India is among over 100 countries that will face “serious obstacles” in the next few decades to become high-income countries, as per a new World Bank report. It noted that India could take as many as 75 years to attain one-quarter of the United States income per capita, PTI reported.
The ‘World Development Report 2024: The Middle Income Trap’ report by the international bank further noted that China may take over 10 years to achieve this feat, and Indonesia close to 70 years, it added.
The report said lessons from the past 50 years shows that countries usually hit a “trap” when they reach 10 per cent of the annual US GDP per capita or middle of the range as per what the World Bank classifies as middle-income countries — equivalent to $8,0000 as on date.
By 2023-end, 108 countries with a total population of six billion (75 per cent of the world) were classified as ‘middle-income’. They each had annual GDP per capital between $1,136-13,845, and two out of three people still living in poverty, the report added.
“The road ahead has even stiffer challenges than those seen in the past: rapidly ageing populations and burgeoning debt, fierce geopolitical and trade frictions, and the growing difficulty of speeding up economic progress without fouling the environment,” the WB report said.

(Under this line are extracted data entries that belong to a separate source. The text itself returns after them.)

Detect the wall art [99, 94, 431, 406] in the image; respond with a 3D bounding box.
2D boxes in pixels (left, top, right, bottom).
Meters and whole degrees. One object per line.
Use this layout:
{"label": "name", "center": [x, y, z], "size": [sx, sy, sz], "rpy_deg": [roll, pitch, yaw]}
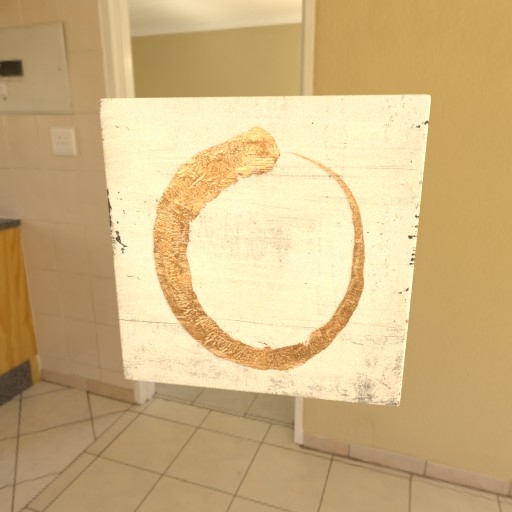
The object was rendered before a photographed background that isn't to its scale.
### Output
{"label": "wall art", "center": [0.000, 0.000, 0.904], "size": [0.610, 0.611, 0.040], "rpy_deg": [3, 16, 10]}
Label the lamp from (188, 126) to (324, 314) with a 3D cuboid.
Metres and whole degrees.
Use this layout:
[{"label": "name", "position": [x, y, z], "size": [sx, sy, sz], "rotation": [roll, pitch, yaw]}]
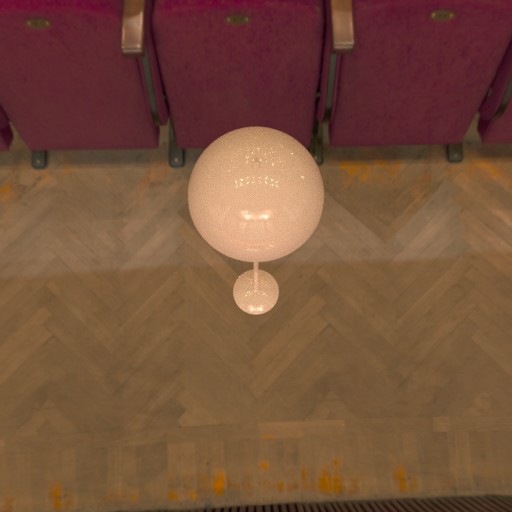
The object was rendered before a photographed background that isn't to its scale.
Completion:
[{"label": "lamp", "position": [0.000, 0.000, 1.626], "size": [0.328, 1.480, 0.328], "rotation": [-1, 75, 0]}]
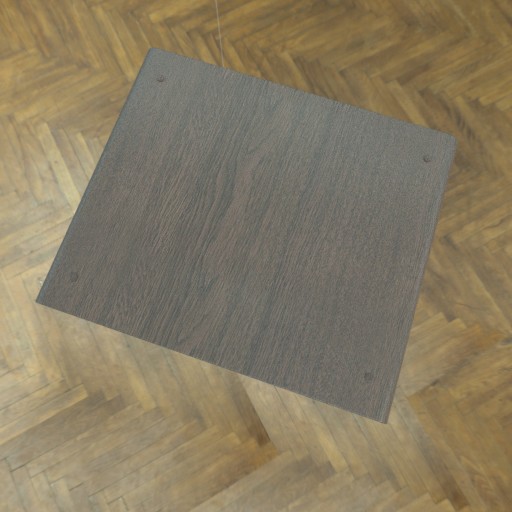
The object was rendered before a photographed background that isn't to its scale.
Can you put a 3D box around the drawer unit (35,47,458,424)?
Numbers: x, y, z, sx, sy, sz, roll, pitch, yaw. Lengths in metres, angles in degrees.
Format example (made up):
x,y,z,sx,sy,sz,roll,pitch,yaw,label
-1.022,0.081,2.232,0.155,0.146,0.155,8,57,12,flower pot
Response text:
x,y,z,sx,sy,sz,roll,pitch,yaw,label
0.000,0.000,0.595,0.344,0.344,0.290,18,77,4,drawer unit
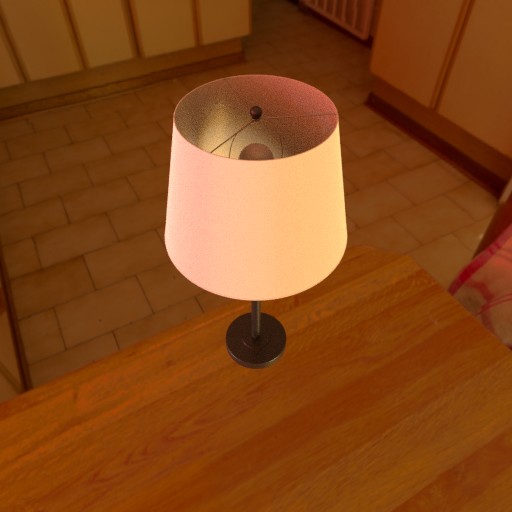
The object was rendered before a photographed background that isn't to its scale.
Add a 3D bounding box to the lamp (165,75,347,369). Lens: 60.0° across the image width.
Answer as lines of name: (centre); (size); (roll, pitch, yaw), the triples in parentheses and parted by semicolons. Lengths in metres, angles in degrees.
lamp: (0.000, 0.000, 0.953); (0.363, 0.696, 0.363); (0, 48, 0)
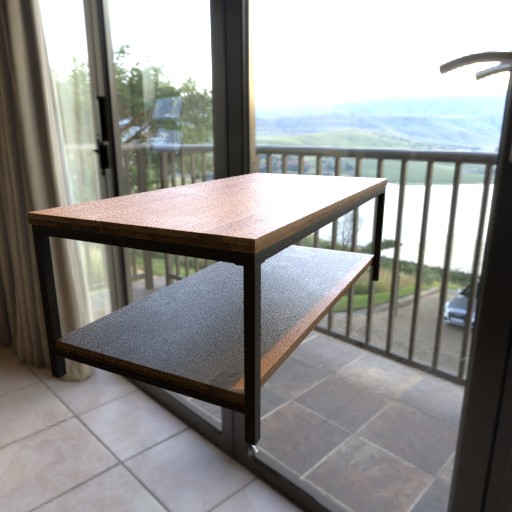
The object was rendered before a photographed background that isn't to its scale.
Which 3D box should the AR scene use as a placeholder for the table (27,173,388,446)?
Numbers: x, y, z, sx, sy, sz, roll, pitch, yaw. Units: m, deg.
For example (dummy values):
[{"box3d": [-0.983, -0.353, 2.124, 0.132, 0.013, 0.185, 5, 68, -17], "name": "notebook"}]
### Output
[{"box3d": [0.000, 0.000, 1.363, 0.551, 0.399, 1.100, 8, 17, 26], "name": "table"}]
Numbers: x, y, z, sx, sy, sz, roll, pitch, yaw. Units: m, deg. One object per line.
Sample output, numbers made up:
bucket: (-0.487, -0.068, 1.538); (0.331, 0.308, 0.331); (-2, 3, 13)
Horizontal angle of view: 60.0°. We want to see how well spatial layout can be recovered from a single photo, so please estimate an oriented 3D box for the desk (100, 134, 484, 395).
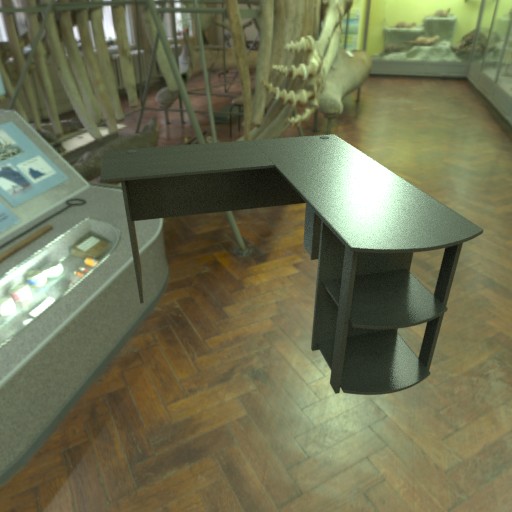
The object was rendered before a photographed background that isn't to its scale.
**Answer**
desk: (0.000, 0.000, 2.082); (1.303, 0.716, 1.361); (-7, 31, -13)
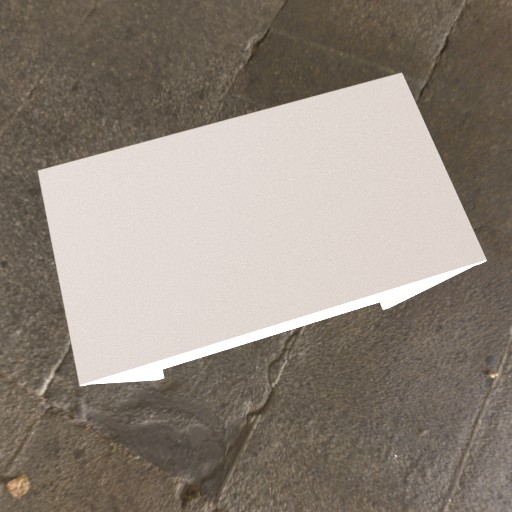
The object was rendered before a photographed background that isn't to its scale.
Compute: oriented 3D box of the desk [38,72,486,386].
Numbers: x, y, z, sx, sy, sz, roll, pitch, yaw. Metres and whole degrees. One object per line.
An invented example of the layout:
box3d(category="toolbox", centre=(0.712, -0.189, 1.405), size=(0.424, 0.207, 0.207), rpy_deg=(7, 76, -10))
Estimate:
box3d(category="desk", centre=(0.000, 0.000, 1.345), size=(0.900, 0.729, 0.498), rpy_deg=(-16, 76, -4))
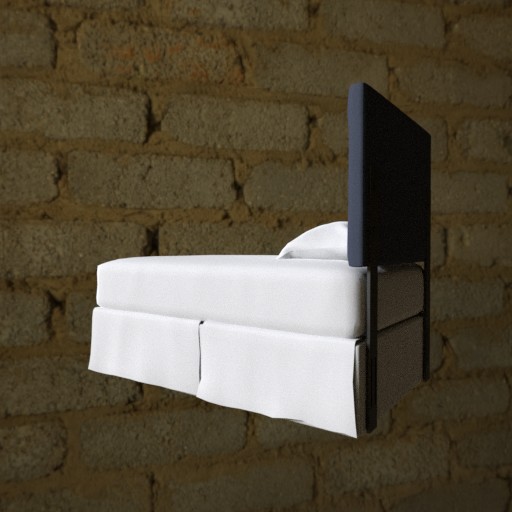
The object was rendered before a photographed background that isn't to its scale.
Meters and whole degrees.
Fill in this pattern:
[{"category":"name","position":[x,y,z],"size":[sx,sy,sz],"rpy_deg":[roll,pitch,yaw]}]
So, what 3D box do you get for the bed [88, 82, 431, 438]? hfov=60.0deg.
[{"category":"bed","position":[0.000,0.000,2.968],"size":[1.997,1.571,1.261],"rpy_deg":[1,1,35]}]
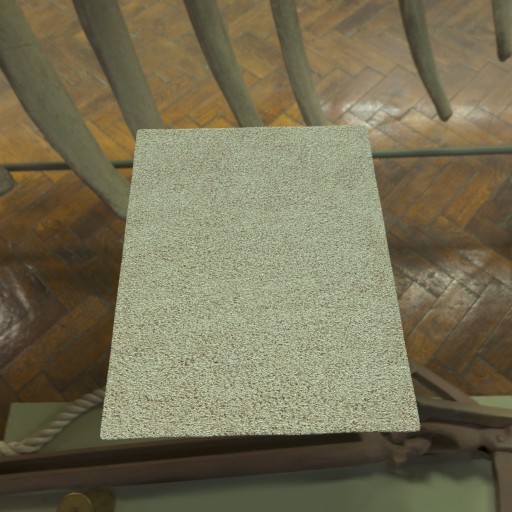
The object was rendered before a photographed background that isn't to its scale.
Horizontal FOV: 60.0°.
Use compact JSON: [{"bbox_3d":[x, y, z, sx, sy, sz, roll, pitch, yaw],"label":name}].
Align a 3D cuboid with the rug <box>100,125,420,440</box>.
[{"bbox_3d":[0.000,0.000,4.036,2.438,0.029,3.047,-1,64,-1],"label":"rug"}]
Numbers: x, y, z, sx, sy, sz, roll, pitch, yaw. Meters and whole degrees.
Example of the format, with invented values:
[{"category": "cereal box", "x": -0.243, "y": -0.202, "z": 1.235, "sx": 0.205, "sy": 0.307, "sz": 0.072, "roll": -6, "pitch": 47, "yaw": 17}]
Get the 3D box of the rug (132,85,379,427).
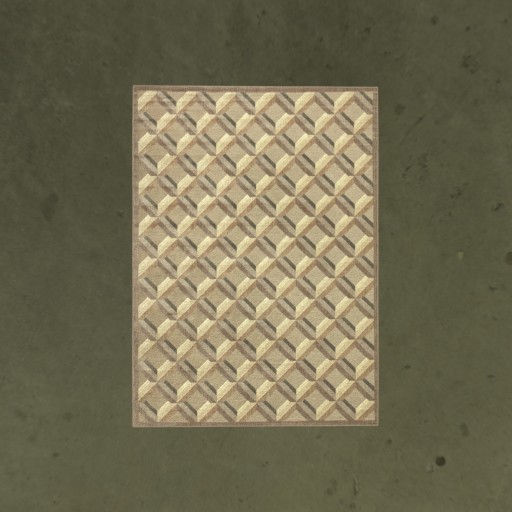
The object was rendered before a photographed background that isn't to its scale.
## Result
[{"category": "rug", "x": 0.000, "y": 0.000, "z": 4.286, "sx": 2.382, "sy": 0.018, "sz": 3.294, "roll": 0, "pitch": 90, "yaw": -1}]
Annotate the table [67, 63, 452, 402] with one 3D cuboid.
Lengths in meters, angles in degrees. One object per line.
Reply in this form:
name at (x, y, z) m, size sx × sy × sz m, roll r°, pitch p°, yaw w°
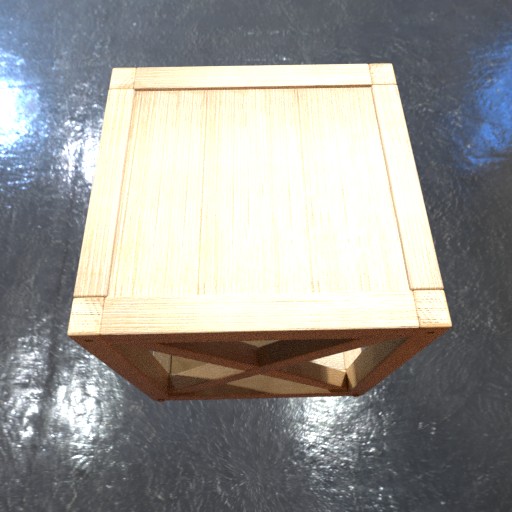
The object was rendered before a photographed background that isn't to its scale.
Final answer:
table at (0.000, 0.000, 1.032) m, size 0.559 × 0.610 × 0.558 m, roll -1°, pitch 63°, yaw -1°
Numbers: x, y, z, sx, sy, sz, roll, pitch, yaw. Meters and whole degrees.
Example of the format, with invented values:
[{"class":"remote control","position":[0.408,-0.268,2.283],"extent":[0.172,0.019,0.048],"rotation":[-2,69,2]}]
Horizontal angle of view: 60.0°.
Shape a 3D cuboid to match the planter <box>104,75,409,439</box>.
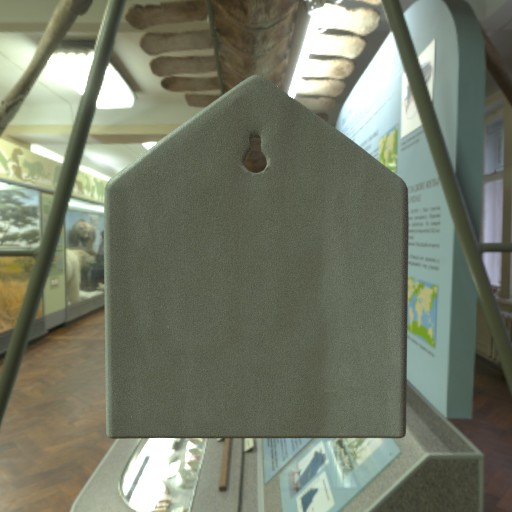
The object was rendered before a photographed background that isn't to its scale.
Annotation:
[{"class":"planter","position":[0.000,0.000,0.274],"extent":[0.163,0.194,0.080],"rotation":[0,2,0]}]
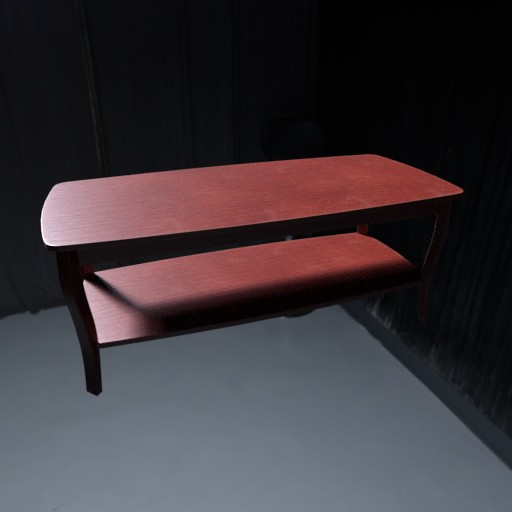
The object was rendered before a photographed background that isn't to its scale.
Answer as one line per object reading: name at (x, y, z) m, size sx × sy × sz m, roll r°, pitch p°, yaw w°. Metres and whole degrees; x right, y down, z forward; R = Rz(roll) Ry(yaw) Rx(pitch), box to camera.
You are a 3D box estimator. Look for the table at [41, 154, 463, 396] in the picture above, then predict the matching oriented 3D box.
table at (0.000, 0.000, 1.475) m, size 1.216 × 0.473 × 0.561 m, roll -9°, pitch 28°, yaw -17°

“Yet many middle-income countries still use a playbook from the last century, relying mainly on policies designed to expand investment. That is like driving a car just in first gear and trying to make it go faster,” it added.
According to Indermit Gill, Chief Economist of the World Bank Group and Senior Vice President for Development Economics, if middle-income countries stick to the old playbook, they “will lose the race to create reasonably prosperous societies by the middle of this century”.
“At current trends, it will take China more than 10 years just to reach one-quarter of US income per capita, Indonesia nearly 70 years, and India 75 years,” as per the report.
Gill also said the battle for global economic prosperity will largely be won or lost in middle-income countries.
The report said all countries need to adopt a sequenced and progressively more sophisticated mix of policies.
Notably, since 1990, only 34 middle-income economies have managed to shift to high-income status — and more than a third of them were either beneficiaries of integration into the European Union (EU), or of previously undiscovered oil, the World Bank said.